:: RECORDED DATA

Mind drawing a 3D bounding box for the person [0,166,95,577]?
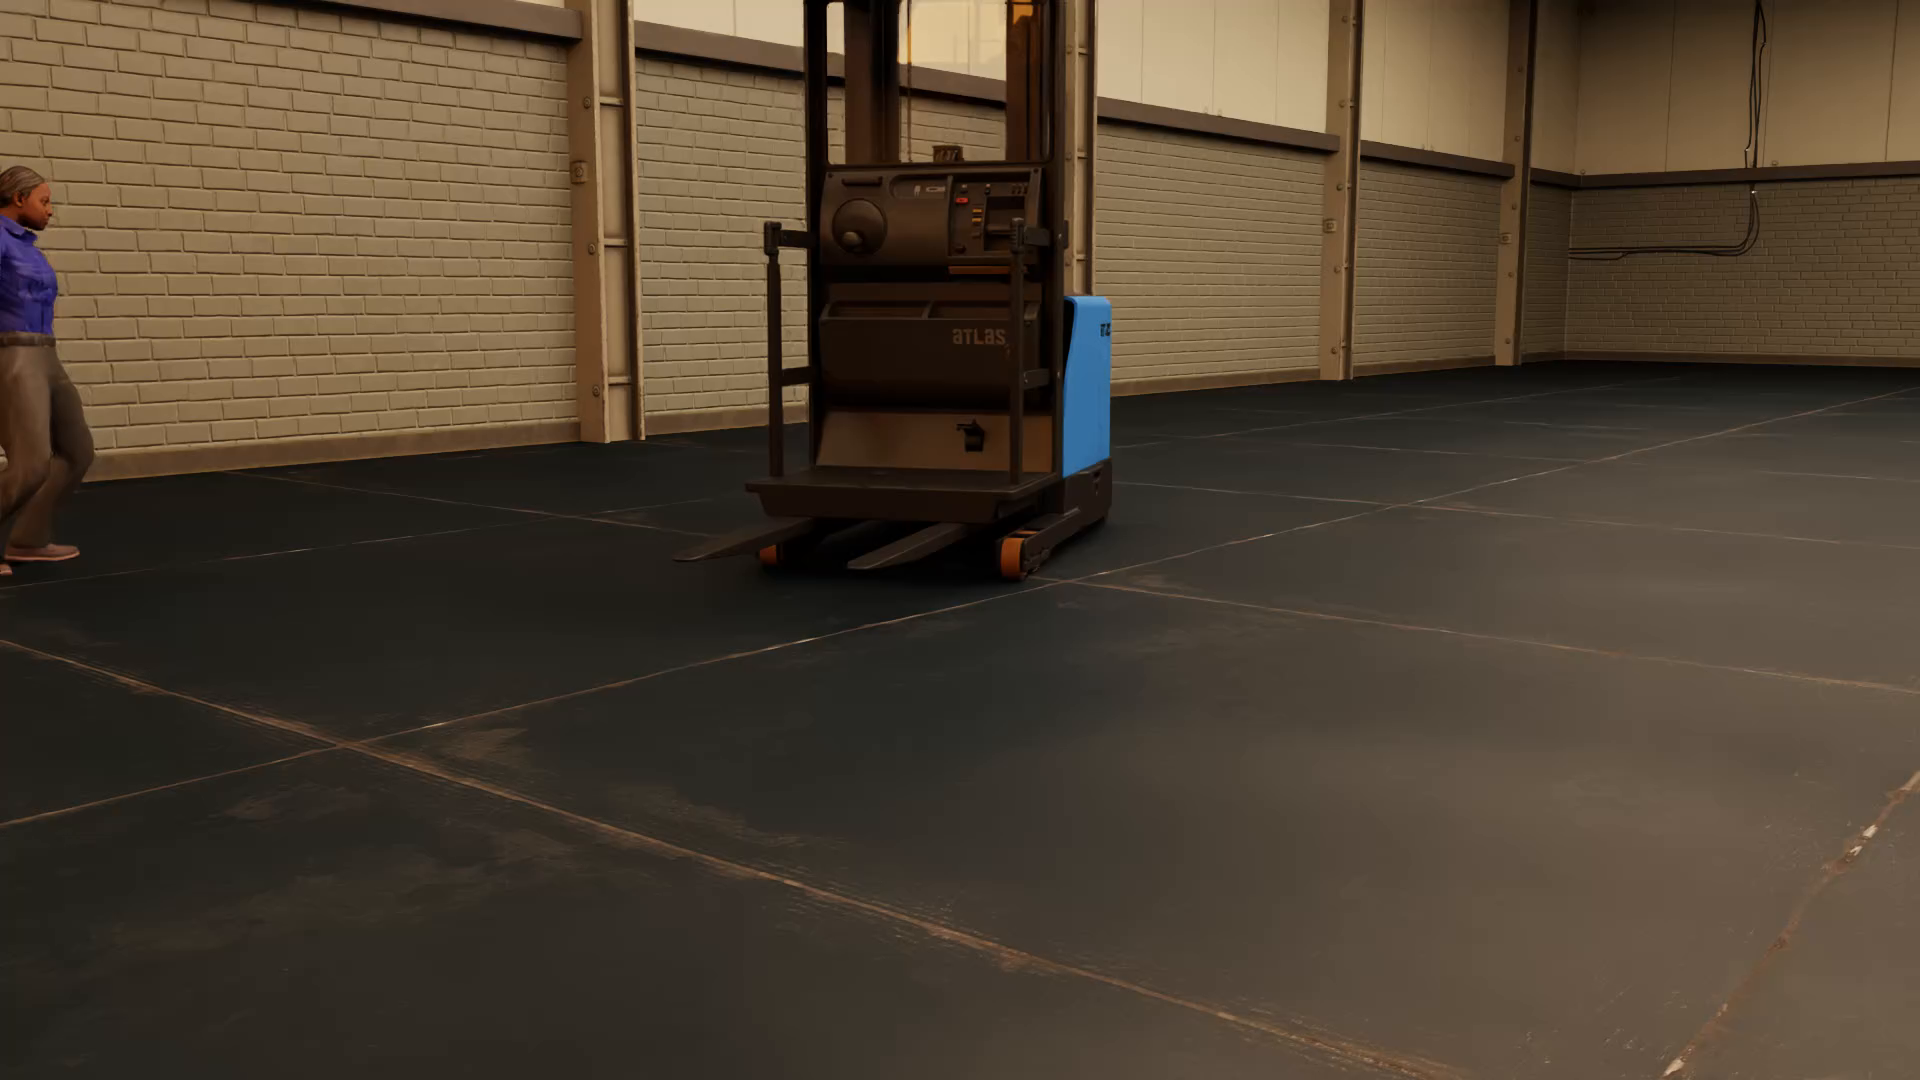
[{"bbox_3d":[-3.716,-0.649,6.430,0.461,1.582,0.815,-1,8,-6],"label":"person"}]

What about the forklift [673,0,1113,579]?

::::

◆ ASSIGNMENT ◆
Reproduce the whole listing above character for character; pictures do not belong in it.

◆ RESPONSE FOR THIS EXERCISE ◆
Mind drawing a 3D bounding box for the person [0,166,95,577]?
[{"bbox_3d":[-3.716,-0.649,6.430,0.461,1.582,0.815,-1,8,-6],"label":"person"}]

What about the forklift [673,0,1113,579]?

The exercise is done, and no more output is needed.